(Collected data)

____________

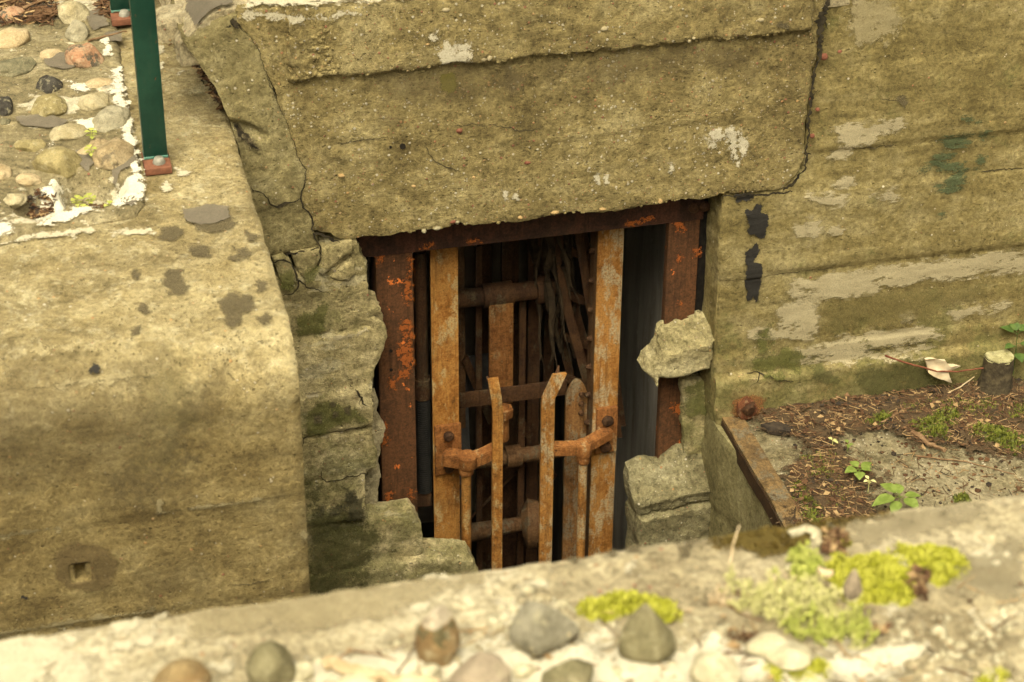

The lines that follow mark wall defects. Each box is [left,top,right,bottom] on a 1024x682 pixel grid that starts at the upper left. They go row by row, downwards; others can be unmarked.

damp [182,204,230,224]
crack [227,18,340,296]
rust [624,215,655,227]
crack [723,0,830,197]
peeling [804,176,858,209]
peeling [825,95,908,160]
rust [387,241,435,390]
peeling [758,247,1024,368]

____________

=== PROBLEM REQUIREMENTS ===
Repeat the preceding records precisely, and leave every picture out of the copy.

=== ANSWER TO THE EXERCISE ===
The lines that follow mark wall defects. Each box is [left,top,right,bottom] on a 1024x682 pixel grid that starts at the upper left. They go row by row, downwards; others can be unmarked.

damp [182,204,230,224]
crack [227,18,340,296]
rust [624,215,655,227]
crack [723,0,830,197]
peeling [804,176,858,209]
peeling [825,95,908,160]
rust [387,241,435,390]
peeling [758,247,1024,368]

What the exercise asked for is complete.